La société PRINCESSE TAM TAM ne démontre pas, en l'espèce, la faute commise par la société DIM qui aurait fait dégénérer en abus son droit d'agir en justice, l'intéressée ayant pu légitimement se méprendre sur l'étendue de ses droits.



Le jugement sera donc confirmé en ce qu'il a débouté la société PRINCESSE TAM TAM de sa demande pour procédure abusive.















Sur la demande indemnitaire formée à titre subsidiaire par la société PRINCESSE TAM TAM



La société PRINCESSE TAM TAM soutient que si la cour devait retenir que les sous-vêtements en litige se ressemblent, elle devrait constater que les sous-vêtements invoquées 'Body Touch' 06WF et 3255 sont bien postérieurs à ses propres produits HSECR105 et HSECR119 qui ont été montrés au public dès la parution de son catalogue en février 2018 et mis en vente dès avril 2018, et que la société DIM l'a donc copiée.

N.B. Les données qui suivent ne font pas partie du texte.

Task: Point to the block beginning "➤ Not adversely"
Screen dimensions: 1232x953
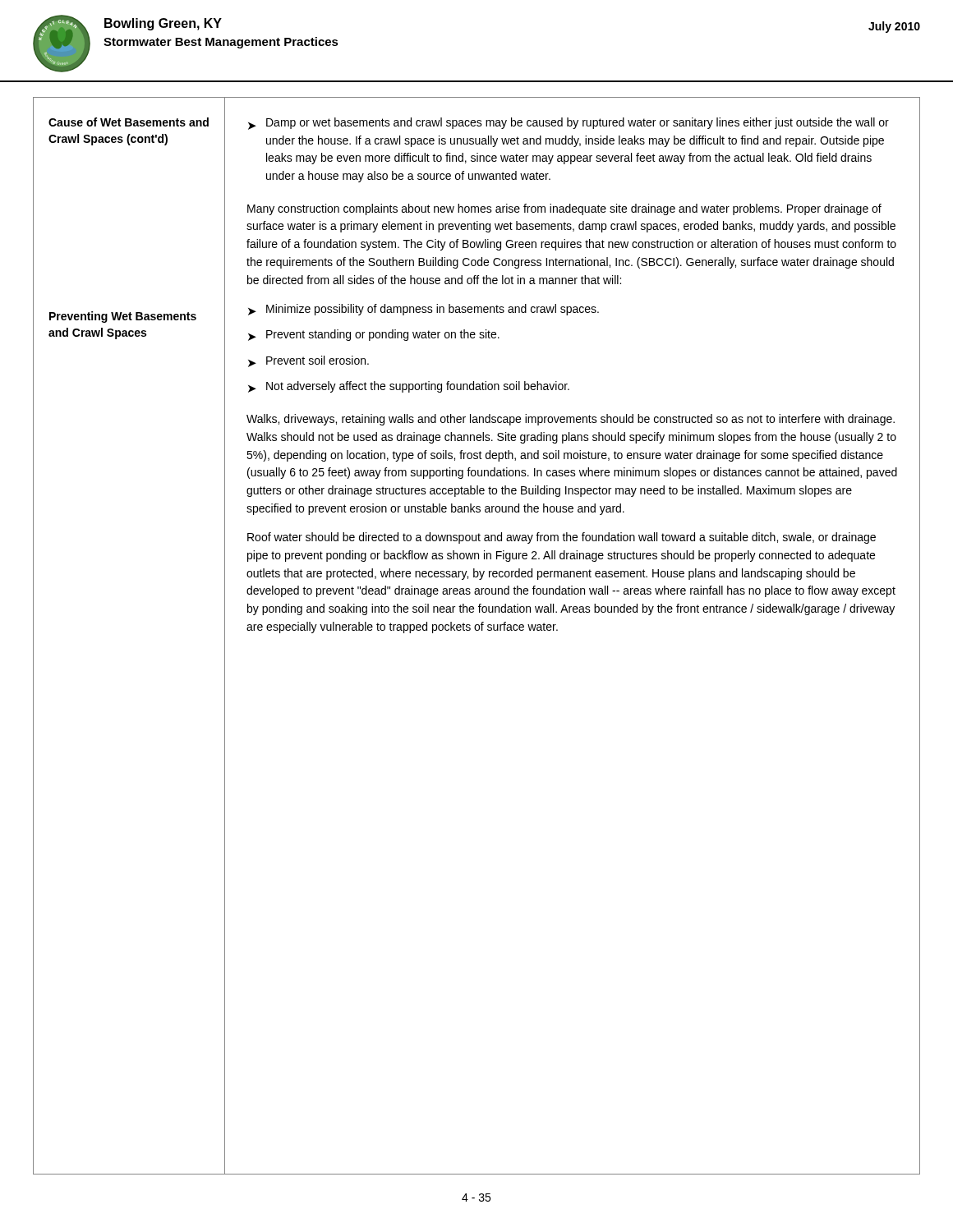Action: coord(408,388)

La société DIM répond que son modèle Triangle 06WF était déjà promu et remis à ses distributeurs à l'automne 2017, dans la continuité d'une gamme sur le marché depuis très longtemps.



La demande de la société PRINCESSE TAM TAM ne peut prospérer dès lors que les deux sous-vêtements invoqués par la société DIM ont fait l'objet de présentations à ses distributeurs en octobre 2017 et qu'ils s'inscrivent dans la pleine continuité d'une gamme 'Body Touch' lancée en 2001 et renouvelée sans interruption.



La demande indemnitaire de la société de la société PRINCESSE TAM TAM sera donc rejetée.



Sur les dépens et les frais irrépétibles



La société DIM, partie perdante, sera condamnée aux dépens d'appel et gardera à sa charge les frais non compris dans les dépens qu'elle a exposés à l'occasion de la présente instance, les dispositions prises sur les dépens et frais irrépétibles de première instance étant confirmées.



La somme qui doit être mise à la charge de la société DIM au titre des frais non compris dans les dépens exposés par la société PRINCESSE TAM TAM peut être équitablement fixée à 10 000 €, cette somme complétant celle allouée en première instance.





PAR CES MOTIFS,



LA COUR,



Confirme le jugement en toutes ses dispositions,



Y ajoutant,



Rejette la fin de non-recevoir de la société PRINCESSE TAM TAM tirée de l'antériorité de la commercialisation de ses sous-vêtements référencés HSECR 105 et HSECR 119,



Rejette la demande indemnitaire de la société de la société PRINCESSE TAM TAM,



Condamne la société DIM aux dépens d'appel ainsi qu'au paiement à la société PRINCESSE TAM TAM de la somme de 10 000 € en application de l'article 700 du code de procédure civile.